Another potential conspiracy theory emerged immediately after the original game was released. What if Hojo orchestrated the Nibelheim mission? While there is no solid evidence that Hojo or his assistants recently visited the site (the townspeople would have likely noticed the visit or the helicopters heading towards reactor H-pad), Sephiroth goes out of his way to emphasize that the Nibelheim reactor is unique in that it is under Research & Development jurisdiction rather than Urban Development dept.
R&D most likely had a remote monitoring/control system for the chamber environment.

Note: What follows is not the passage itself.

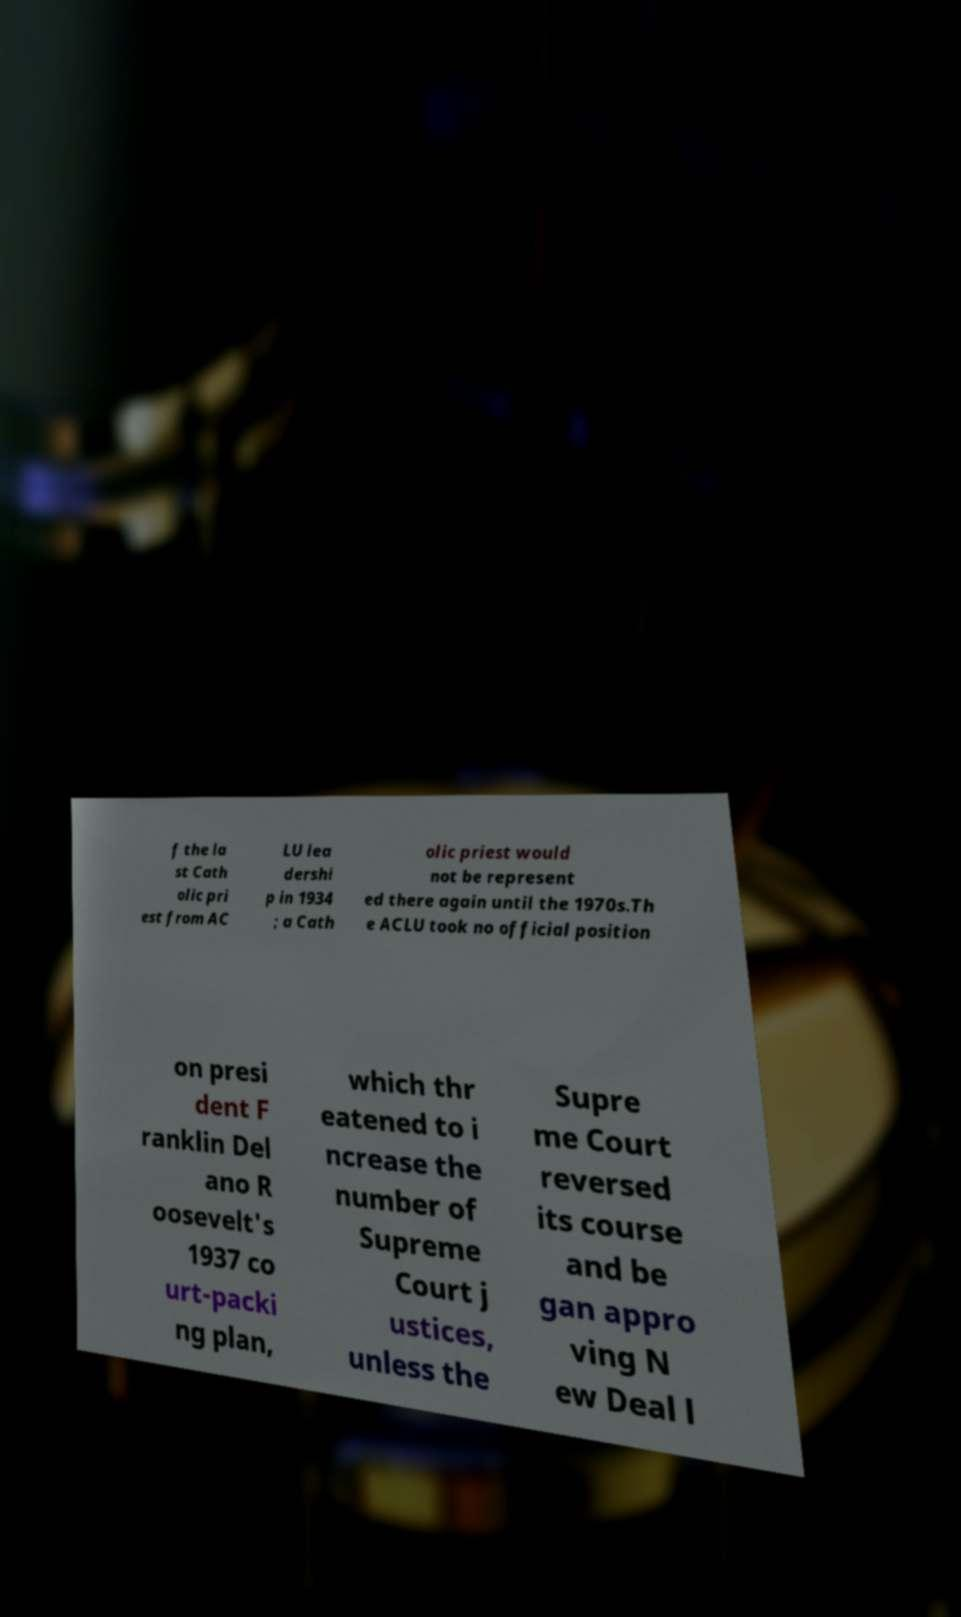What messages or text are displayed in this image? I need them in a readable, typed format. f the la st Cath olic pri est from AC LU lea dershi p in 1934 ; a Cath olic priest would not be represent ed there again until the 1970s.Th e ACLU took no official position on presi dent F ranklin Del ano R oosevelt's 1937 co urt-packi ng plan, which thr eatened to i ncrease the number of Supreme Court j ustices, unless the Supre me Court reversed its course and be gan appro ving N ew Deal l

Hojo, in particular, has expressed an interest in Palmer's testimony that Sephiroth was seen walking the halls of ShinRA headquarters, famously stating that he would like to see Sephiroth and Aerith produce an offspring.
Later in OG, Hojo was shown to be fascinated by his pet theory of Reunion being played out. As a result, it's not unreasonable to speculate that Hojo may have specifically arranged for Sephiroth to be dispatched to Nibelheim to observe Jenova specimens come into contact and its corollary. If there were security cameras in the Jenova chamber, Hojo might have been able to remotely unlock the door [upon seeing Sephiroth approach].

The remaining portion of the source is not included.